TRY IT — For the entries below, repeat exactly each line starting with the one that contains "Your answer should be compact. -0.86." and going on through the one that contains "-10.96. What is", and no others.

RECORDS —
■ ■ ■ ■ ■ ■ ■

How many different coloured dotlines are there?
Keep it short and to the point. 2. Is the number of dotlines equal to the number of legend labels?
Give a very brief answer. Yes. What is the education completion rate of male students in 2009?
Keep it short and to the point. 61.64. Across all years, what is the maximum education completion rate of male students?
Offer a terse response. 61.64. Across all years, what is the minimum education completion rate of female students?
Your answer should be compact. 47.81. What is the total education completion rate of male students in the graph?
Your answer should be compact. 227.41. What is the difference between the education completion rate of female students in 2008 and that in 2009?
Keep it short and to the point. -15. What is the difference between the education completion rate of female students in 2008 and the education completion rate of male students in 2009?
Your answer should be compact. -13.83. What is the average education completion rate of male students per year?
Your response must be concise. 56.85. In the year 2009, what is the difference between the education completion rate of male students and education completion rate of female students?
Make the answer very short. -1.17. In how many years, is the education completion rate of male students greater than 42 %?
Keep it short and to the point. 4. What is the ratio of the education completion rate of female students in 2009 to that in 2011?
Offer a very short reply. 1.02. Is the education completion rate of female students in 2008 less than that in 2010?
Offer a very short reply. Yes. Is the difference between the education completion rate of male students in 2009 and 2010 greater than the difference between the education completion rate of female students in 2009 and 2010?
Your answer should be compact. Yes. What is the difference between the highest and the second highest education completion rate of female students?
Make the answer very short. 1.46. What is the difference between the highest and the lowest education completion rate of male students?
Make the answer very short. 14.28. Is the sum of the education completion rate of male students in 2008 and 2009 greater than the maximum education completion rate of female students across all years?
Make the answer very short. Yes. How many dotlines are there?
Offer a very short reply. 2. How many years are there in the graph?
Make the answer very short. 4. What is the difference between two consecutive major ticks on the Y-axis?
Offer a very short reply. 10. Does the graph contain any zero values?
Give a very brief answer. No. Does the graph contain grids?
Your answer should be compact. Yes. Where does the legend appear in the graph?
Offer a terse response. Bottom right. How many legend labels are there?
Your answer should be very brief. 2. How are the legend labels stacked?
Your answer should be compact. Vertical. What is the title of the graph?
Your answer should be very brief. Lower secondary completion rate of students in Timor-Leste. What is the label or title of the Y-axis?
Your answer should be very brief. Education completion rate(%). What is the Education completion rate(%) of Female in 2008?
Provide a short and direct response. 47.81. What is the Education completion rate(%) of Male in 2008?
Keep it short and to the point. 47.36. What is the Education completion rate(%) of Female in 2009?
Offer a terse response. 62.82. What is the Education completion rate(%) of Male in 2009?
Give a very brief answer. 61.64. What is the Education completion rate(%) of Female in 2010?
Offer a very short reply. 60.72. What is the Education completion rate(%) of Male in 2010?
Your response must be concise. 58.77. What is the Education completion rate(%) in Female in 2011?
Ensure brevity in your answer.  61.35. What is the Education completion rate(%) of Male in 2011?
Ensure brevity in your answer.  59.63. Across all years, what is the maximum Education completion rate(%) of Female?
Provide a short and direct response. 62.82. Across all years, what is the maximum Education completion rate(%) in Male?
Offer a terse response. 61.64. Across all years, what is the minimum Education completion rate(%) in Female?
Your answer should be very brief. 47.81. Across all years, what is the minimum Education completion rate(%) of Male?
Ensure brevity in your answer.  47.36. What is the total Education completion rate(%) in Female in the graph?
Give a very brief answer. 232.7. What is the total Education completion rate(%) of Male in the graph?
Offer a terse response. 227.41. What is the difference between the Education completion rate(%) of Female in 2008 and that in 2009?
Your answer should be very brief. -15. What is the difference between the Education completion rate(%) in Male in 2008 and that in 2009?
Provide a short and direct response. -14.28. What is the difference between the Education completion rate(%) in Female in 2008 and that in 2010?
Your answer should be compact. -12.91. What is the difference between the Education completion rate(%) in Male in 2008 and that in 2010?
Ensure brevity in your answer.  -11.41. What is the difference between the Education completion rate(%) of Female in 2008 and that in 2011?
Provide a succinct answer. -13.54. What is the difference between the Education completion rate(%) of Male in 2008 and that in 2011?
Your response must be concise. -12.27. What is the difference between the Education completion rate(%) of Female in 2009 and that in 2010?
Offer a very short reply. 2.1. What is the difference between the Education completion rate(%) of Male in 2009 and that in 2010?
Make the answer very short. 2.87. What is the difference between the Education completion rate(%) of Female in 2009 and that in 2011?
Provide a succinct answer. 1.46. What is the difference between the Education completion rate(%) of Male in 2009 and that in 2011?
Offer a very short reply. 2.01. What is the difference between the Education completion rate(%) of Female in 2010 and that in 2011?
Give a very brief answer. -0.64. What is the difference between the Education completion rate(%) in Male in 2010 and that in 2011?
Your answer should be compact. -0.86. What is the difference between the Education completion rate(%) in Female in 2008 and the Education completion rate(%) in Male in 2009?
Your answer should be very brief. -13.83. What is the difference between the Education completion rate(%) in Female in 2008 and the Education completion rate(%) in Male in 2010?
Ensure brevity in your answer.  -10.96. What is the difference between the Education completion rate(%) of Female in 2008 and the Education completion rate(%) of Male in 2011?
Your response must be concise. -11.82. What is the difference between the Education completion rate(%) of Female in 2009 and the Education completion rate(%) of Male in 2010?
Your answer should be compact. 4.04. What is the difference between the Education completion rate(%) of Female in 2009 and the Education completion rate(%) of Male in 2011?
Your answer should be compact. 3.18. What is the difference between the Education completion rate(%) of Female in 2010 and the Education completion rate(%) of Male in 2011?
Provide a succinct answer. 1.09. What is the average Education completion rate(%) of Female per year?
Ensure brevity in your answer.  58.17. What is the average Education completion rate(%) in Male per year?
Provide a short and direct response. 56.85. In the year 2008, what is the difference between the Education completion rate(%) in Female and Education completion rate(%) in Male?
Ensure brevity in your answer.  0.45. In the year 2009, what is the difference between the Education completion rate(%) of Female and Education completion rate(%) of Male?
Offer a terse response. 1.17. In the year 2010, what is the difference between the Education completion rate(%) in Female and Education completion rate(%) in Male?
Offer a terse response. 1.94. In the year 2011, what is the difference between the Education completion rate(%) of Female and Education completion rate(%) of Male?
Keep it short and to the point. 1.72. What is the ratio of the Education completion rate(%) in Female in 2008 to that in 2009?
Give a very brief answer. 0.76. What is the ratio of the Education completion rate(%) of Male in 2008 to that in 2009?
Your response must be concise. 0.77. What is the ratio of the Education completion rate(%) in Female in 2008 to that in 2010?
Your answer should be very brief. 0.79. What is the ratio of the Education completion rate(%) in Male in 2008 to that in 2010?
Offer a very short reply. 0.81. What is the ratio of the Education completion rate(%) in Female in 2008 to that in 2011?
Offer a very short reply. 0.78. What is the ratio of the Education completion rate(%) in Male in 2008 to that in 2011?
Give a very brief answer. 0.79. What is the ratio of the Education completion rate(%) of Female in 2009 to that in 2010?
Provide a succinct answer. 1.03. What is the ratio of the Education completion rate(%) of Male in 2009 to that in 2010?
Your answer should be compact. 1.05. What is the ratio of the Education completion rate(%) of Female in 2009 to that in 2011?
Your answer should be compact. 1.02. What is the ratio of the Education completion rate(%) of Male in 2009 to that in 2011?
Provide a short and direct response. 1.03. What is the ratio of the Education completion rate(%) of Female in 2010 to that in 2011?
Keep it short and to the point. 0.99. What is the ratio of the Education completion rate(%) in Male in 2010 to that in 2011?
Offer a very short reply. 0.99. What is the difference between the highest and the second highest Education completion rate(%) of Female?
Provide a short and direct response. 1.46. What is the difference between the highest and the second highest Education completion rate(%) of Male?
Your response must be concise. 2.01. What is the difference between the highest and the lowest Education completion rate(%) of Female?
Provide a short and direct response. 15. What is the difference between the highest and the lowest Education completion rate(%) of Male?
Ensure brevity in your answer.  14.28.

■ ■ ■ ■ ■ ■ ■

RESPONSE TO THE EXERCISE —
Your answer should be compact. -0.86. What is the difference between the Education completion rate(%) in Female in 2008 and the Education completion rate(%) in Male in 2009?
Your answer should be very brief. -13.83. What is the difference between the Education completion rate(%) in Female in 2008 and the Education completion rate(%) in Male in 2010?
Ensure brevity in your answer.  -10.96. What is the difference between the Education completion rate(%) of Female in 2008 and the Education completion rate(%) of Male in 2011?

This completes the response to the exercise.